# New Surefire M6 Belt Holster



## Skyline (May 22, 2004)

Have you guys seen this one? It works with the Surefire M6 with lens cover. I'm using a Blackhawk holster (no lens cover), but if I had a lens cover, this would be it. /ubbthreads/images/graemlins/grin.gif


http://www.ripoffs.com/datasheets/co159/co159.html


----------



## Size15's (May 22, 2004)

Thanks for the headsup!

I think I'll have to get one to try out. Now that the M6 Guardian has the crenelated bezel I carry it with a FM26 BeamFilter on - which does not fit in my BHI M6 Pouch.

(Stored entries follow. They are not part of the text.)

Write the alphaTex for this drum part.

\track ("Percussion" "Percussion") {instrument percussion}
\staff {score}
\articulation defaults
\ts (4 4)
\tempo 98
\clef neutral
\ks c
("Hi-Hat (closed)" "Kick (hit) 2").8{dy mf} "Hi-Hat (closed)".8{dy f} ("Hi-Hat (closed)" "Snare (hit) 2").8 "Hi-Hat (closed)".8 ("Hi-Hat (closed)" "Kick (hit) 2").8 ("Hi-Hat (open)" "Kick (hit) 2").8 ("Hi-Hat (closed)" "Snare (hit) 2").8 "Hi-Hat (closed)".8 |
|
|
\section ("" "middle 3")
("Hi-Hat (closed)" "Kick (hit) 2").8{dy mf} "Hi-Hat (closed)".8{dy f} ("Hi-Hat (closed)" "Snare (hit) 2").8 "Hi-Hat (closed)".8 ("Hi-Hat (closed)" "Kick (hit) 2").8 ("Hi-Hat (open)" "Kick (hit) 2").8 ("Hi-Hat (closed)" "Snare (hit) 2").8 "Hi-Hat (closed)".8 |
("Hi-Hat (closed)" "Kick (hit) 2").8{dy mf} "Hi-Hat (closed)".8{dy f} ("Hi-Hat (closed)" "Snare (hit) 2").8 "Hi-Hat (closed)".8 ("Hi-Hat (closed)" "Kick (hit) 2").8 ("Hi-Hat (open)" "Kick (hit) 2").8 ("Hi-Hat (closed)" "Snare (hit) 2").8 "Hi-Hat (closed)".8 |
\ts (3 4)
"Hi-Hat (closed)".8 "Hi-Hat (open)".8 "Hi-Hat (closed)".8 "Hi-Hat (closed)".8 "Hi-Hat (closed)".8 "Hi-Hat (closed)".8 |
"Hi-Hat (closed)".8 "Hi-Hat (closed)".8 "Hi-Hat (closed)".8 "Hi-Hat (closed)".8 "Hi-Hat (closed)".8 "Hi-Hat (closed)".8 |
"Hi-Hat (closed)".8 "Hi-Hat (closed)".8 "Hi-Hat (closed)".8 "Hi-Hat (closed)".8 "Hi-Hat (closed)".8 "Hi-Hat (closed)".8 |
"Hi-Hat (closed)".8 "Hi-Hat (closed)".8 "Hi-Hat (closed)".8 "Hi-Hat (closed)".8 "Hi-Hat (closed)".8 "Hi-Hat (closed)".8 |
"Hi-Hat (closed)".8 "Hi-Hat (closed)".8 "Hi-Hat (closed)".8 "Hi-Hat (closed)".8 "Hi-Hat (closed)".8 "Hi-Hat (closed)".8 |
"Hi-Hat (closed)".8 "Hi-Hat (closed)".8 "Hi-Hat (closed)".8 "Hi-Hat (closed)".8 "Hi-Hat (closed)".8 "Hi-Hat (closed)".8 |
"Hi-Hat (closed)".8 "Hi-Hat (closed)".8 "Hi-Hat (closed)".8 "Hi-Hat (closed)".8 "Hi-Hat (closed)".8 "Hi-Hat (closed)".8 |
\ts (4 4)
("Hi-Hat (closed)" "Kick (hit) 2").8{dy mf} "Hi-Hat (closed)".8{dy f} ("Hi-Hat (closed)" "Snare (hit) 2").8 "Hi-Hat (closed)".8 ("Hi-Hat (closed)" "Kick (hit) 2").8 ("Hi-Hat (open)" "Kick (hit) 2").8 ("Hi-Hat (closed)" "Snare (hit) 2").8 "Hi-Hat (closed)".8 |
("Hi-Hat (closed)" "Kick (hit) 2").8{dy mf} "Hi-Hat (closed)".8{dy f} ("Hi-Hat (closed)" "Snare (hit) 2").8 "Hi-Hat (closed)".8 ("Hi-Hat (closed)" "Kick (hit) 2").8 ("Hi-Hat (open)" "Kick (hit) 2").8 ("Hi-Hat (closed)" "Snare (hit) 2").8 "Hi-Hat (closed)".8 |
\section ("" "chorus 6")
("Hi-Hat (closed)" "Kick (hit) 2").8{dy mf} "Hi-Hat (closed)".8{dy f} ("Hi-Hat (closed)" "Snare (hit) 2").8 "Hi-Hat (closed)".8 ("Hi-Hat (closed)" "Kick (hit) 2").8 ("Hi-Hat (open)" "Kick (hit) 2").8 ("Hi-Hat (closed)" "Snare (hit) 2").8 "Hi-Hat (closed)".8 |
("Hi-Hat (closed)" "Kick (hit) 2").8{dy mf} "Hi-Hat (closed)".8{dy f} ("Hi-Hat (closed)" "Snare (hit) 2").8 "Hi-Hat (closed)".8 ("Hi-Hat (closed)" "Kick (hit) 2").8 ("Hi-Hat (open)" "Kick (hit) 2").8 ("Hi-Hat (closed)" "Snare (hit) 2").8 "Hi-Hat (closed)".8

I'm not sure whether the SOE M6 pouch allows the BeamFilter or not...

Al


----------



## Echo63 (May 22, 2004)

it would probably fit a can of red bull too /ubbthreads/images/graemlins/smile.gif - just to keep you awake during those long nights of lighting up the dark.


----------



## DumboRAT (May 23, 2004)

Al,

The SOE will fit a M6 with FM26 attached, but it's a very tight fit, and the cover ends up being stretched over the top of the bezel in much the same way that the above Rip-Off "tents." You'll also need to extend the Velcro-backed size-adjustment loop all the way "out," too, but it will hold the light securely.

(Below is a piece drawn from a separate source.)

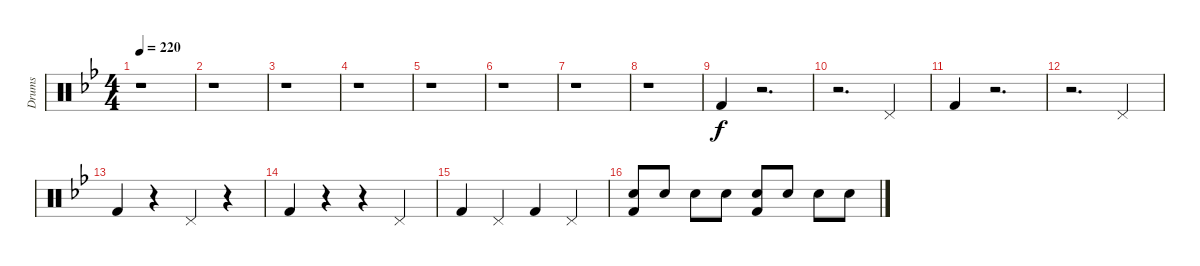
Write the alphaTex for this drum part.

Unfortunately, I cannot verify how this scenario will play out with the added length of the new crenelated bezel that's seen on the "Guardian." /ubbthreads/images/graemlins/frown.gif It may extend the light just ever so slightly too long to allow fit in the SOE M6 holster.

Allen
aka DumboRAT


----------



## Size15's (May 24, 2004)

I will take some photos. I suspect that the SOE will not fit the crenelated bezel with FM2x BeamFilter attached.


----------



## Undark (May 25, 2004)

Hi,

has anyone seen a similar holster which fits the Z3?

Thanks!


----------



## Skyline (May 25, 2004)

Perhaps one of these would work for the Z3:

This one might be a little tight:
http://www.ripoffs.com/datasheets/co31/co31.html
http://store.yahoo.com/cinemasupplies/riplas6rflas.html

This one should be a bit larger:
http://www.ripoffs.com/datasheets/co112/co112.html


----------



## brightnorm (May 31, 2004)

Where can I get one of these? I've checked with different Ripoffs dealers and can't find the co 159 anywhere.

Any ideas?

Brightnorm


----------



## Jarndyce (Jun 1, 2004)

It's listed at holster-depot here:

ripoffs holsters 

at the bottom of the page.

I just placed an order last night for a ripoffs co-142-which is designed for an X5/L4 and a multitool(although I'm hoping my A2 will fit), and co-153-which is designed for the A2.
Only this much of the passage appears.